この蕎麦は、何年も世代交代を繰り返しているのですが、種の保存だけで、一度も人の口に入ったことはありません。
その理由は二つあります。
一つ目は、粉に挽くための道具がなく、せっかく収穫して実だけにしても今の現状からは、そこから食べられるようにするための加工ができないのです。
細かい作業はいろいろとありますが、大きな流れとして、とりあえずは実の皮を取り除かなくてはなりません。そしてその実を粉に挽くのです。

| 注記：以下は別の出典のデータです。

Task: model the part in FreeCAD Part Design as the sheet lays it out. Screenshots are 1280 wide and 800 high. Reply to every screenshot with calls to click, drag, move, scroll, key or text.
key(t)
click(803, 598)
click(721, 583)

皮を取り除くための機械があるようですが、大がかりになりそうです。粉に挽くのは石臼があればいいのですが、これも購入すると高価です。
裏庭に石臼の臼の部分が、何種類も転がっていたりするので、集めてきて組み合わせれば使えるかもしれません。
蕎麦の栽培自体は難しくはありません。種を蒔いておけばいいのですから。しかも荒れた土地でも栽培可能なのです。というよりは、サツマイモ同様、救荒作物のひとつです。
夏蕎麦と秋蕎麦がありますが、稲作との関係で、私の周りでは、秋蕎麦が多く栽培されています。一斉に花が咲くとまるで畑が白い絨毯のようです。この頃、ミツバチに蜜を集めさせます。蕎麦のコクのある香りがします。

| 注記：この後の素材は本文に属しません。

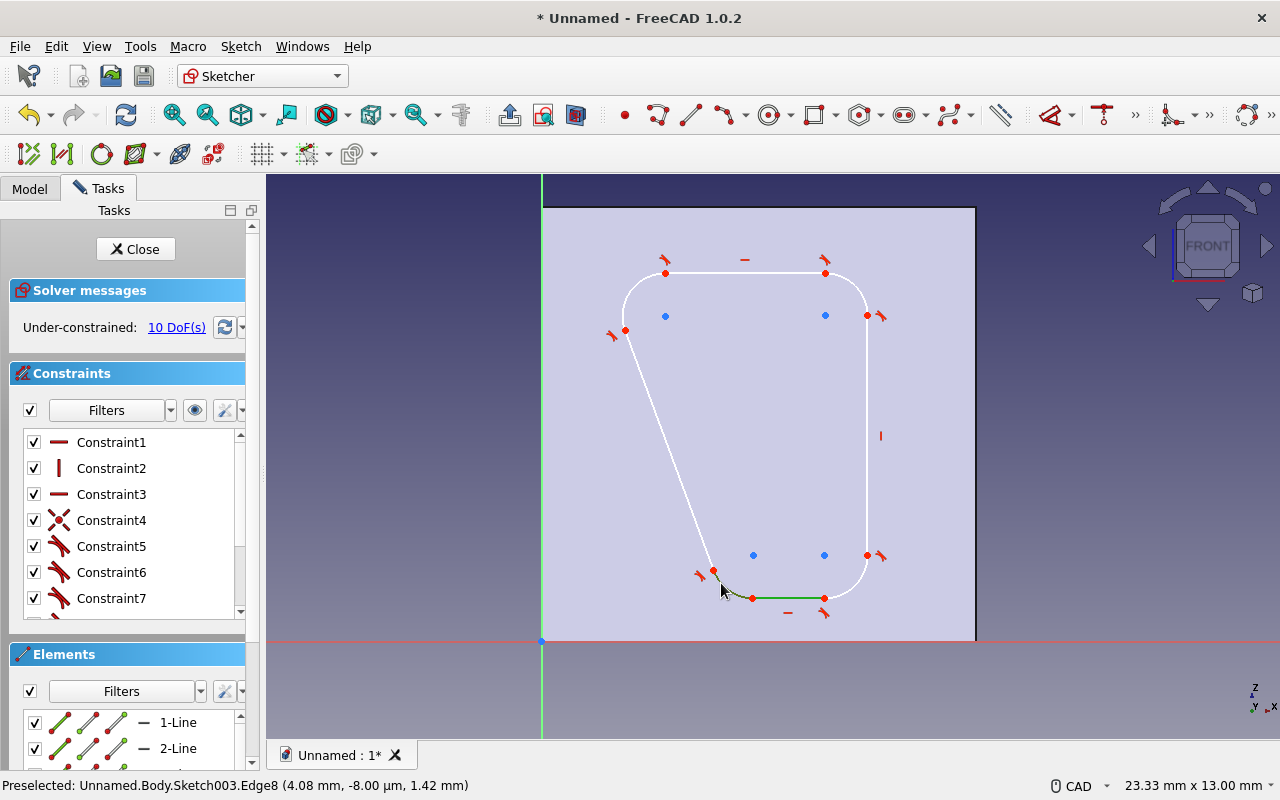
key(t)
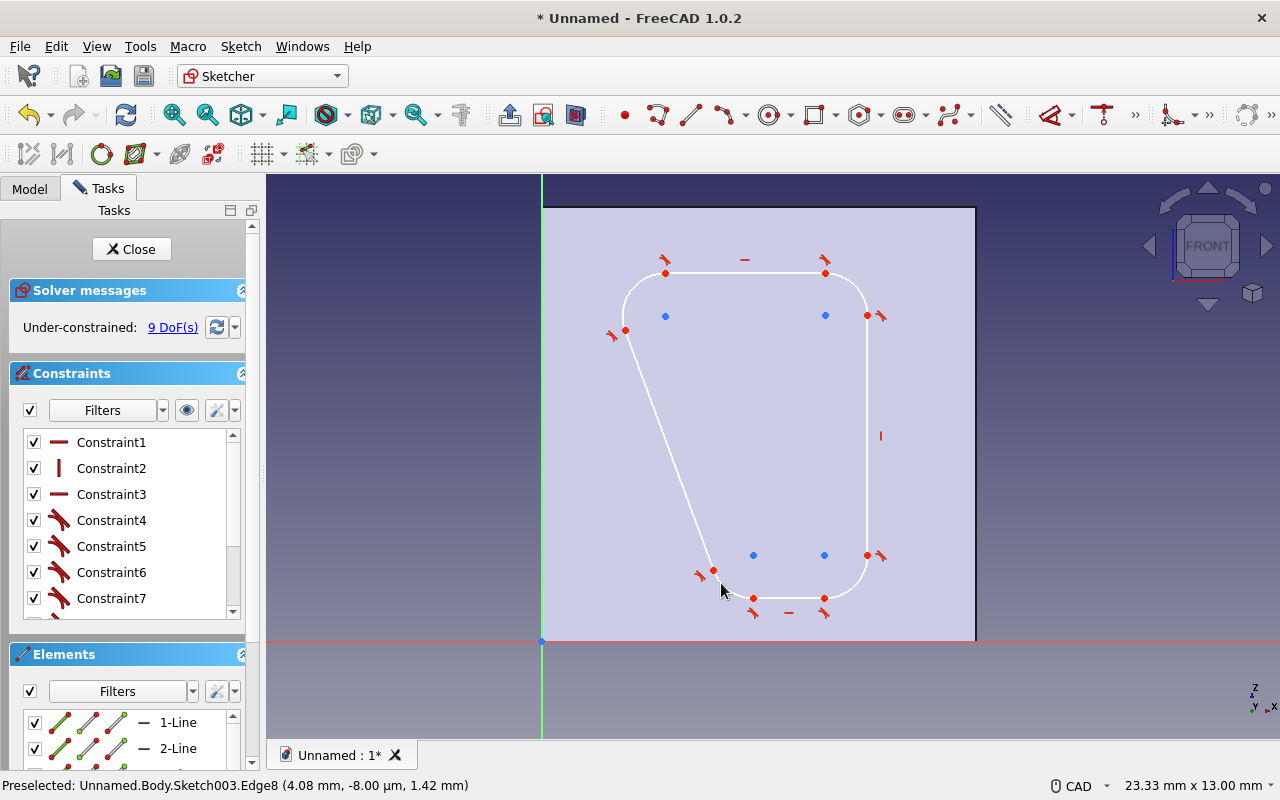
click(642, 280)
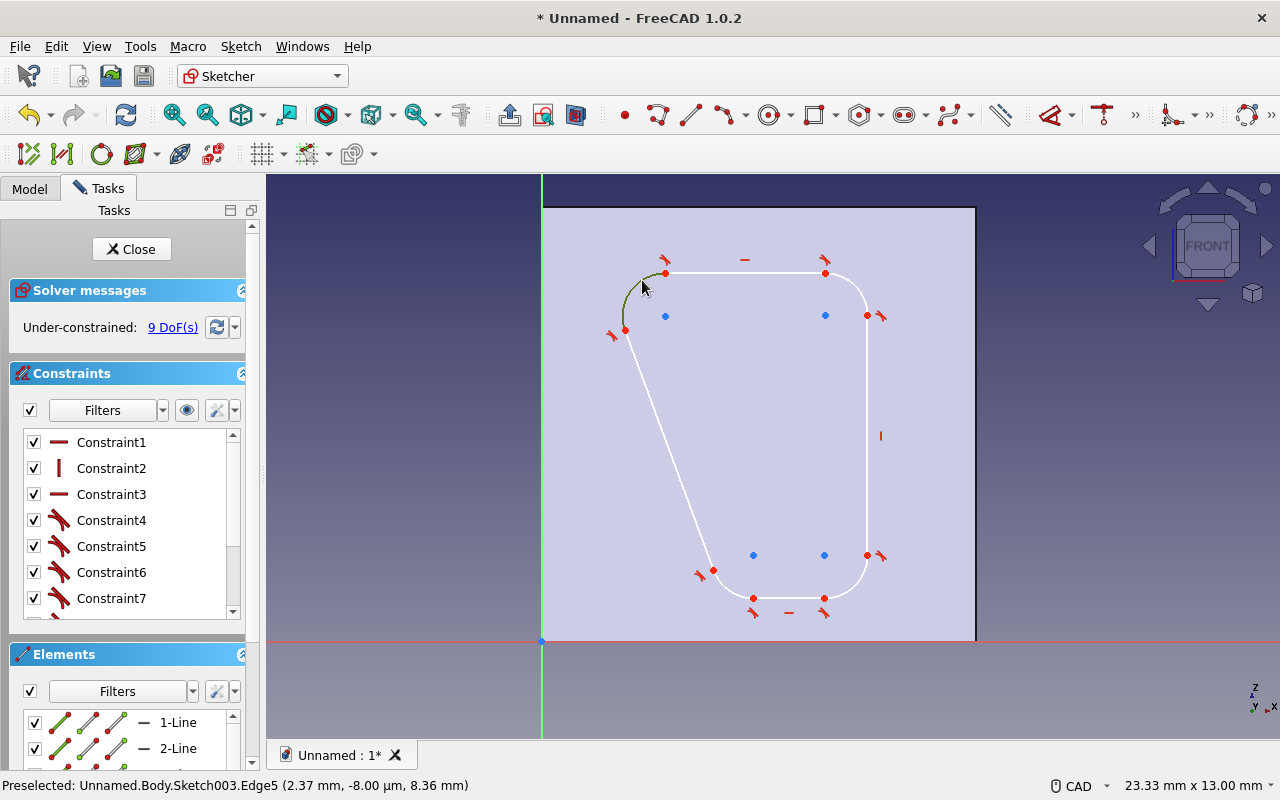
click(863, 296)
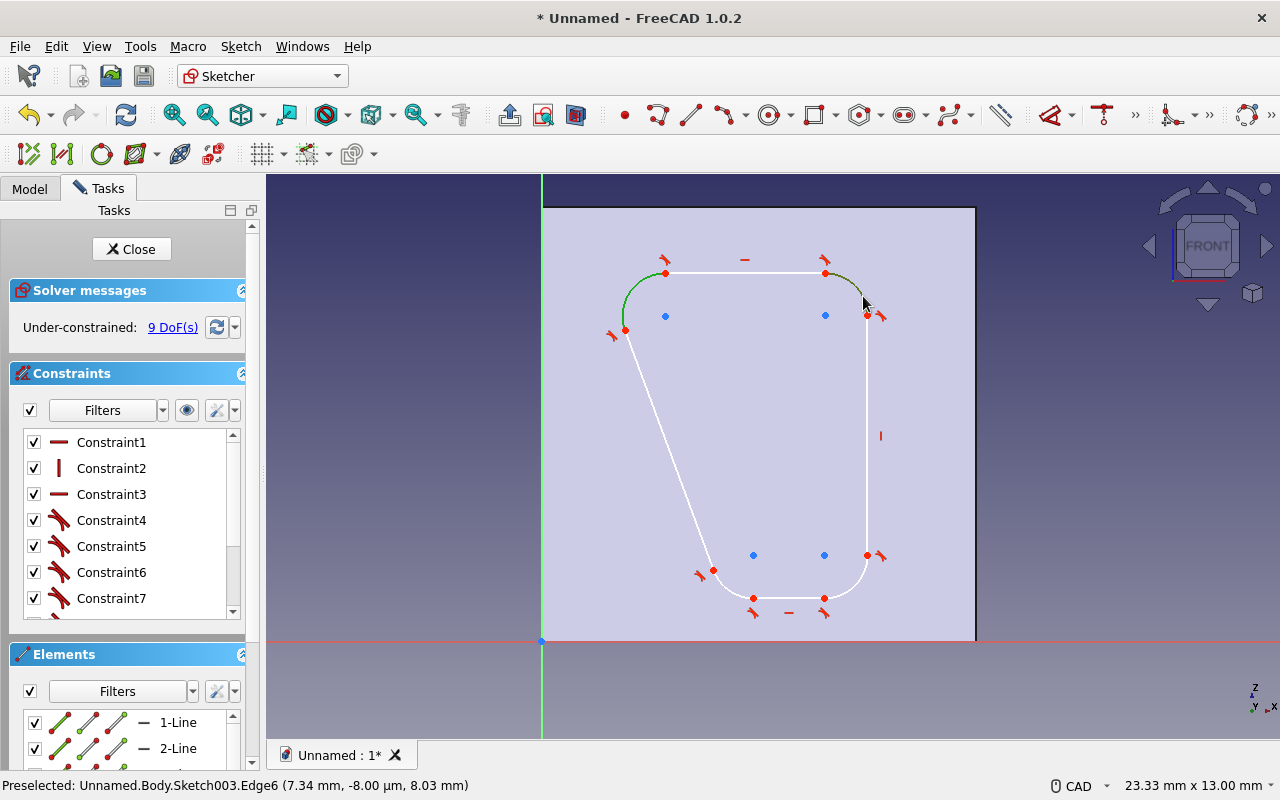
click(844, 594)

しかし難しいのは、製粉してソバに打つときです。ソバはあんなに簡単な素材と作り方なのに、調べれば調べるほど奥が深いことが分かってきます。
確かにうまいソバを食べると、これなら少々高くても仕方ないなと納得してしまいます。つなぎを入れない十割蕎麦、つなぎを入れる割合によって二八蕎麦などがありますが、店によって味が違うので、つなぎの割合もこれがいいとは断定できません。
製粉前の実の大きさの選別から、磨き、皮取り、選別、粉挽き、しかも挽くときの臼の回転数や、粉の選別など、人によってノウハウにかなりの違いもあるようです。
二つ目は、耕地面積が少なく、これ以上蕎麦を栽培する面積を増やせないことです。
今の収量では、粉にするには少なすぎます。種にする分も取っておかなくてはならないのですから。増やそうとすると、大豆の作付け面積を減らさなくてはなりません。しかしこれ以上は減らすことはできません。逆にまだ増やしたいくらいなのです。
ということで、しばらくは種の保存という貴重な仕事だけになる予定です。